# What you need to do:
Copy the records below word for word. Stop after the line that contains "Work out a 3D".

# Provided data:

........

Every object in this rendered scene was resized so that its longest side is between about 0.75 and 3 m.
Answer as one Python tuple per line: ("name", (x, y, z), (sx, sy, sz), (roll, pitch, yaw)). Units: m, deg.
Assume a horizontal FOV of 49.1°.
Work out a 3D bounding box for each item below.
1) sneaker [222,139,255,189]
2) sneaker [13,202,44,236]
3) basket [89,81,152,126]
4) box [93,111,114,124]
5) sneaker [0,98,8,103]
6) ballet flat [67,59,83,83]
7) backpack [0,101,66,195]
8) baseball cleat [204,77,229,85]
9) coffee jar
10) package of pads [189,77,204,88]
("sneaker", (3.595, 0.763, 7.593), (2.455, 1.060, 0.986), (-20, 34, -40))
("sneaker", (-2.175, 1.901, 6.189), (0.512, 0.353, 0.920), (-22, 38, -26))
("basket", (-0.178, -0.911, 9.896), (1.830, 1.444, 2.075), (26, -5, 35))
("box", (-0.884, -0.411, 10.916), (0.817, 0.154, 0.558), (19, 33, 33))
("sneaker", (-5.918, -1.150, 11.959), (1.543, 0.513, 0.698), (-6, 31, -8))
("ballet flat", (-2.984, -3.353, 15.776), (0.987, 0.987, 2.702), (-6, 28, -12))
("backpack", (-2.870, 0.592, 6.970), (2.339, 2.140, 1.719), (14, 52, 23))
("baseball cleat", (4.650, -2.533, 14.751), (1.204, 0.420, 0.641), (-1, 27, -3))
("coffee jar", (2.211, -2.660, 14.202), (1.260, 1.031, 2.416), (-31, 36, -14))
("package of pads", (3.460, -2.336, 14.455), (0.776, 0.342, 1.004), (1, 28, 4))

........

# Worked solution:
Every object in this rendered scene was resized so that its longest side is between about 0.75 and 3 m.
Answer as one Python tuple per line: ("name", (x, y, z), (sx, sy, sz), (roll, pitch, yaw)). Units: m, deg.
Assume a horizontal FOV of 49.1°.
Work out a 3D bounding box for each item below.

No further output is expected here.